_Records_.
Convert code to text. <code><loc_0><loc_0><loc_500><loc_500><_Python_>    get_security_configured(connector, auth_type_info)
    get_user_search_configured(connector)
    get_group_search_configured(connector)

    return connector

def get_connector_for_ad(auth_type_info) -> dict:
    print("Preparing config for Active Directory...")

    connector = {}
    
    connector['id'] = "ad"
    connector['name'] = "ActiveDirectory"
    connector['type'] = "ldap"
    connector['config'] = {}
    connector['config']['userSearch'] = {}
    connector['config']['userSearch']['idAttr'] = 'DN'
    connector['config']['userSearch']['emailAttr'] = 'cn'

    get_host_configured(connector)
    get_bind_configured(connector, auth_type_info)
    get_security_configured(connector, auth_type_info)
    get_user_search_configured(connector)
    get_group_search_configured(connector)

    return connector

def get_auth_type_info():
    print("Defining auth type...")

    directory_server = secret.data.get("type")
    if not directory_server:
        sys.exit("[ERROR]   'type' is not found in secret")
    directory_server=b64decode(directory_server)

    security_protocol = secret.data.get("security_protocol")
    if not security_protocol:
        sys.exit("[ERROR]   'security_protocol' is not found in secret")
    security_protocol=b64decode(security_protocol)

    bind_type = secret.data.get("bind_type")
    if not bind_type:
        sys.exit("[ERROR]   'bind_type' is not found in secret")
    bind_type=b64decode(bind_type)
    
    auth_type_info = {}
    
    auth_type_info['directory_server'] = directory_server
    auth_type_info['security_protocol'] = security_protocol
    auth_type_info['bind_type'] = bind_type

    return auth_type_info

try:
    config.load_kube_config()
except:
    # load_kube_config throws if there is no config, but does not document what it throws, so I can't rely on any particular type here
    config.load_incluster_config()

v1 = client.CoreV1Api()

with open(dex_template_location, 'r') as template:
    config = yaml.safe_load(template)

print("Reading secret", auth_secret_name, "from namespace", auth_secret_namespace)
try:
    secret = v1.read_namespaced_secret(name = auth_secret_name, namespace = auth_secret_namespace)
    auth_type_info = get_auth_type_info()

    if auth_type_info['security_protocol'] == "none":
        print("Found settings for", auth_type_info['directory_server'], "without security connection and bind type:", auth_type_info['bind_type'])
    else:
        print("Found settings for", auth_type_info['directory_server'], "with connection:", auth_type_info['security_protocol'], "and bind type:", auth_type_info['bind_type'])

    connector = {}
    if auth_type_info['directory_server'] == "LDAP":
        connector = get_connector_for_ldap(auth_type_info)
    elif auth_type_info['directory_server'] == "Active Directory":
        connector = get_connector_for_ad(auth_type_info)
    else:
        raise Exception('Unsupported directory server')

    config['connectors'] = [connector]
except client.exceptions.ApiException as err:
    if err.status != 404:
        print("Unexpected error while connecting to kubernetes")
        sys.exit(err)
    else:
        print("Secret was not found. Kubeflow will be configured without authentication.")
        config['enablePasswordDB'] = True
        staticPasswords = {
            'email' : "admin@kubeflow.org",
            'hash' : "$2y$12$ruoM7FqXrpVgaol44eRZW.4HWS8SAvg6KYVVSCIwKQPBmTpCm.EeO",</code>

_To do_.
Exactly as they appear above, give the entries again.

_Output_.
Convert code to text. <code><loc_0><loc_0><loc_500><loc_500><_Python_>    get_security_configured(connector, auth_type_info)
    get_user_search_configured(connector)
    get_group_search_configured(connector)

    return connector

def get_connector_for_ad(auth_type_info) -> dict:
    print("Preparing config for Active Directory...")

    connector = {}
    
    connector['id'] = "ad"
    connector['name'] = "ActiveDirectory"
    connector['type'] = "ldap"
    connector['config'] = {}
    connector['config']['userSearch'] = {}
    connector['config']['userSearch']['idAttr'] = 'DN'
    connector['config']['userSearch']['emailAttr'] = 'cn'

    get_host_configured(connector)
    get_bind_configured(connector, auth_type_info)
    get_security_configured(connector, auth_type_info)
    get_user_search_configured(connector)
    get_group_search_configured(connector)

    return connector

def get_auth_type_info():
    print("Defining auth type...")

    directory_server = secret.data.get("type")
    if not directory_server:
        sys.exit("[ERROR]   'type' is not found in secret")
    directory_server=b64decode(directory_server)

    security_protocol = secret.data.get("security_protocol")
    if not security_protocol:
        sys.exit("[ERROR]   'security_protocol' is not found in secret")
    security_protocol=b64decode(security_protocol)

    bind_type = secret.data.get("bind_type")
    if not bind_type:
        sys.exit("[ERROR]   'bind_type' is not found in secret")
    bind_type=b64decode(bind_type)
    
    auth_type_info = {}
    
    auth_type_info['directory_server'] = directory_server
    auth_type_info['security_protocol'] = security_protocol
    auth_type_info['bind_type'] = bind_type

    return auth_type_info

try:
    config.load_kube_config()
except:
    # load_kube_config throws if there is no config, but does not document what it throws, so I can't rely on any particular type here
    config.load_incluster_config()

v1 = client.CoreV1Api()

with open(dex_template_location, 'r') as template:
    config = yaml.safe_load(template)

print("Reading secret", auth_secret_name, "from namespace", auth_secret_namespace)
try:
    secret = v1.read_namespaced_secret(name = auth_secret_name, namespace = auth_secret_namespace)
    auth_type_info = get_auth_type_info()

    if auth_type_info['security_protocol'] == "none":
        print("Found settings for", auth_type_info['directory_server'], "without security connection and bind type:", auth_type_info['bind_type'])
    else:
        print("Found settings for", auth_type_info['directory_server'], "with connection:", auth_type_info['security_protocol'], "and bind type:", auth_type_info['bind_type'])

    connector = {}
    if auth_type_info['directory_server'] == "LDAP":
        connector = get_connector_for_ldap(auth_type_info)
    elif auth_type_info['directory_server'] == "Active Directory":
        connector = get_connector_for_ad(auth_type_info)
    else:
        raise Exception('Unsupported directory server')

    config['connectors'] = [connector]
except client.exceptions.ApiException as err:
    if err.status != 404:
        print("Unexpected error while connecting to kubernetes")
        sys.exit(err)
    else:
        print("Secret was not found. Kubeflow will be configured without authentication.")
        config['enablePasswordDB'] = True
        staticPasswords = {
            'email' : "admin@kubeflow.org",
            'hash' : "$2y$12$ruoM7FqXrpVgaol44eRZW.4HWS8SAvg6KYVVSCIwKQPBmTpCm.EeO",</code>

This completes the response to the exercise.